After announcing it will allow customers to use the restroom of their choice, Target has taken the measure one step further.
In an internal memo, Target officials announced that the company has designated July 5 as “Take A Tranny to work Day.” The event will be held at all Target locations throughout the United States.
Target CEO Brian Cornell said, “This is yet another important measure to demonstrate Target’s support for the LGBT community and their families.”
Cornell estimates that nearly 80 percent of Target’s employees are either transsexual or know someone who is.
“Clearly, the vast majority of Americans know someone who does not know which sex he or she is,” said Cornell. “Even when you take out from the equation the majority of Millennials who feel they either have to be a transsexual or gay to be cool, the numbers are outstanding. The vast majority of us know a transsexual. We need to be more inclusive, celebratory, and eager to learn from this amazing subculture.”
Target employees who bring a transsexual to work during the event will have the opportunity show them how the store operates and interacts with customers.

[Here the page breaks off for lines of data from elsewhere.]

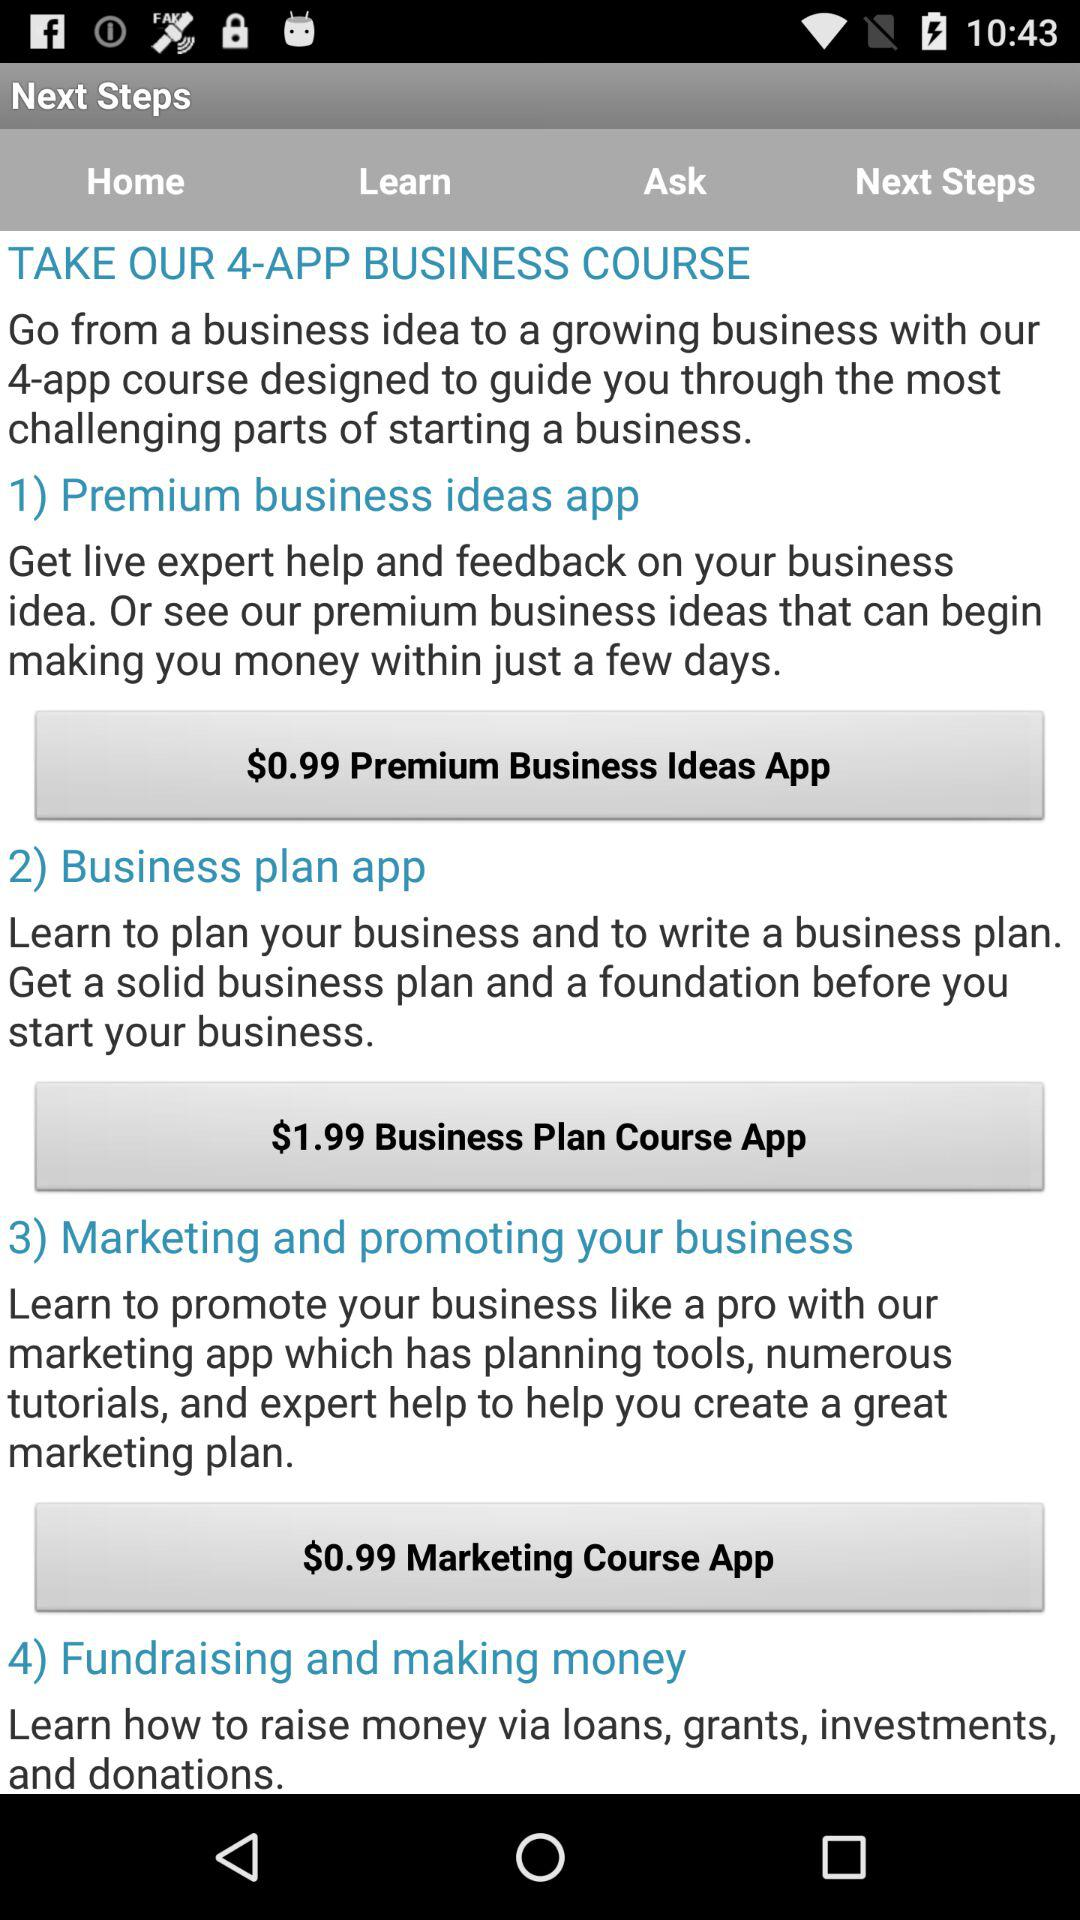What is the price of the "Premium Business Ideas App"? The price of the "Premium Business Ideas App" is $0.99. 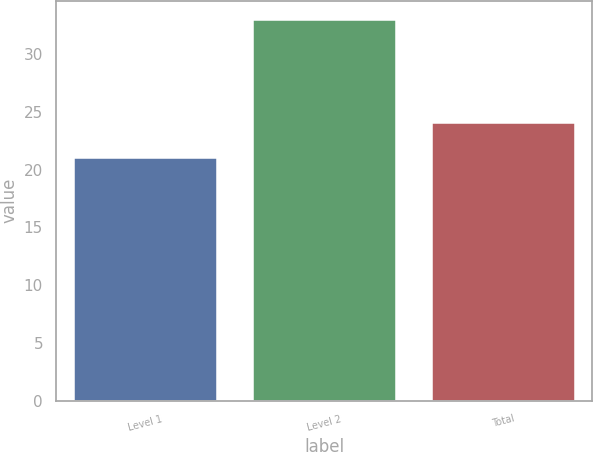<chart> <loc_0><loc_0><loc_500><loc_500><bar_chart><fcel>Level 1<fcel>Level 2<fcel>Total<nl><fcel>21<fcel>33<fcel>24<nl></chart> 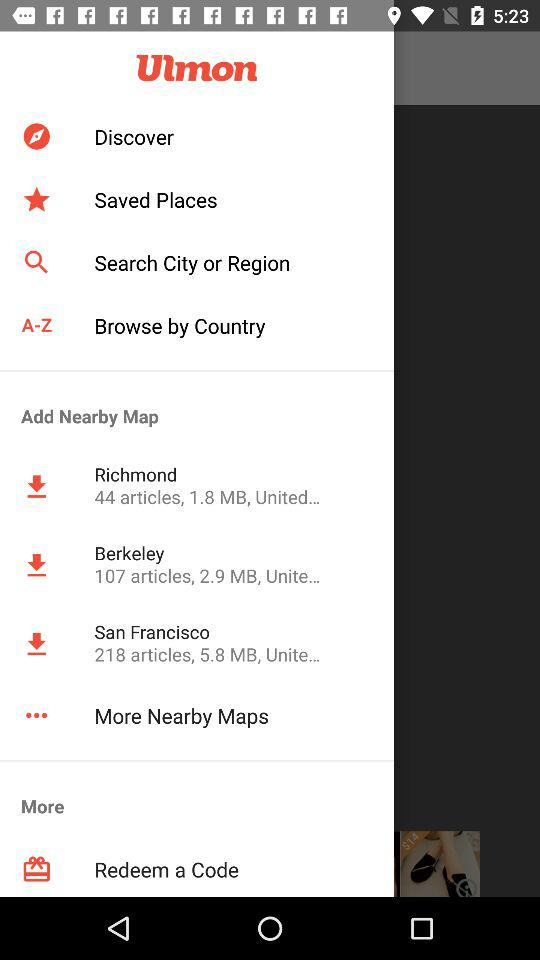218 articles are present on which map? The map on which 218 articles are present is San Francisco.

Visiting transsexuals will be given tours of both the men’s and ladies’ rooms and the opportunity to try the different apparatuses each restroom offers.
“I can’t wait to squat into a men’s urinal,” said Janelle Kepler, a college junior who recently realized that she is a man. “I’m not going to get a sex change—not yet at least—so it will be exciting to test my flexibility on the men’s toilet.”
John Reamers of Enola, Pa, is ecstatic even though he says he’s a heterosexual at the moment.
“I’m just excited that I can pretend to be a tranny so I can use the women’s room to get a peak at some hot chick with her pants down,” said Reamers. “I applaud Target for giving perverts like myself free views of naked women and hard working pedophiles access to little girls.”
In addition to the day’s events, Target plans to provide customers 25% discounts on items intended for the opposite sex.
“There will be something for everyone,” said Cornell. “Just remember to bring the kiddies!”